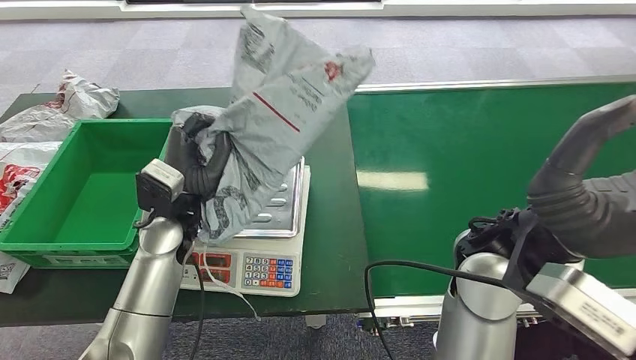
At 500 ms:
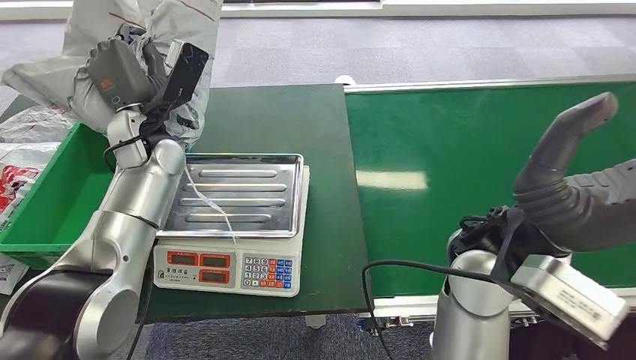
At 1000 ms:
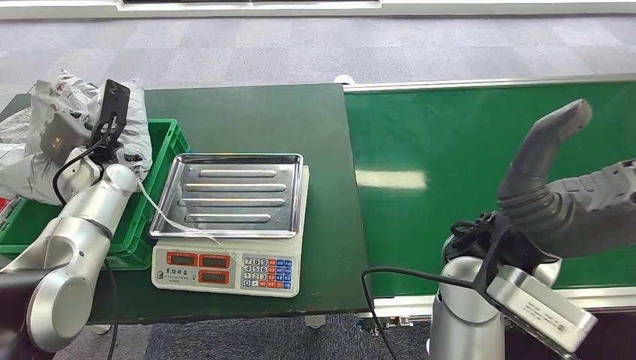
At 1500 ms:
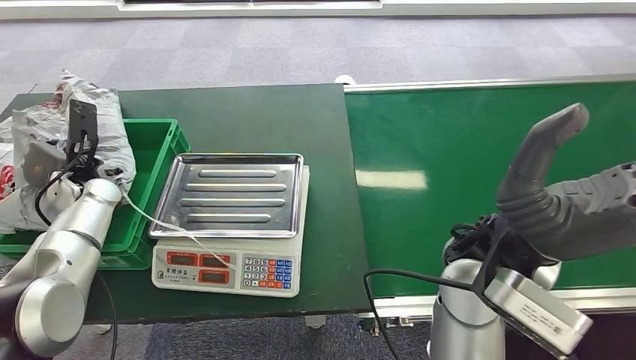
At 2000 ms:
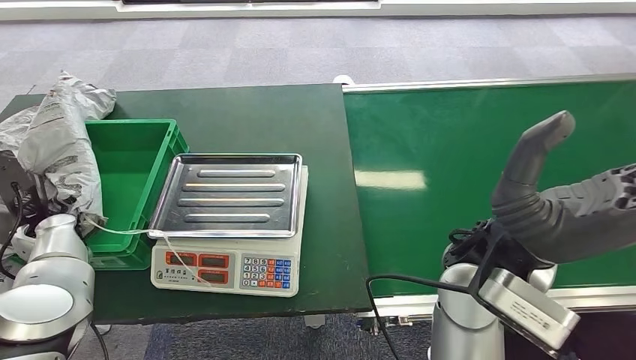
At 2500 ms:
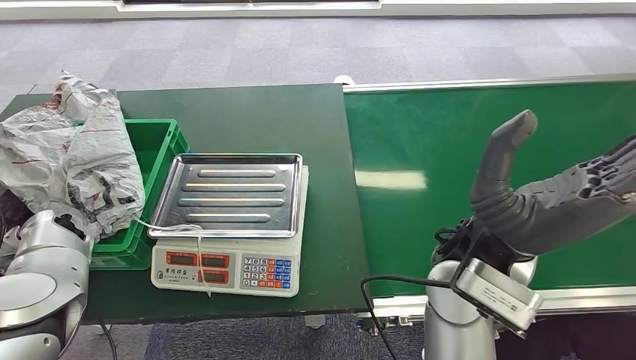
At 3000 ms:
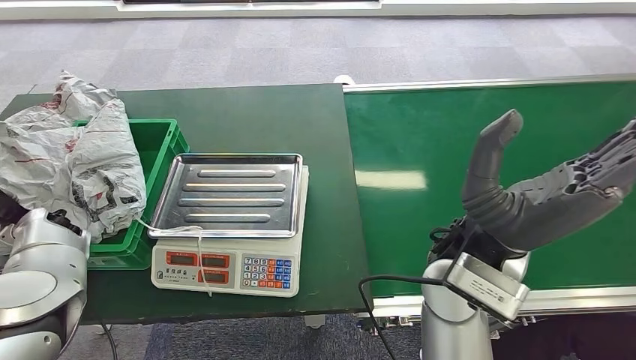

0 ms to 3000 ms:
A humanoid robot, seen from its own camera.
Step, 500 ms to 3000 ms: Place the package into the parcel locker.
1500 ms to 3000 ms: The left hand shifts some 5 cm to the left.

===

• [Problem]:
When pictures appear among the entries, skip them and copy all remaining text precisely.

• [Solution for this problem]:
At 500 ms:
At 1000 ms:
At 1500 ms:
At 2000 ms:
At 2500 ms:
At 3000 ms:

0 ms to 3000 ms:
A humanoid robot, seen from its own camera.
Step, 500 ms to 3000 ms: Place the package into the parcel locker.
1500 ms to 3000 ms: The left hand shifts some 5 cm to the left.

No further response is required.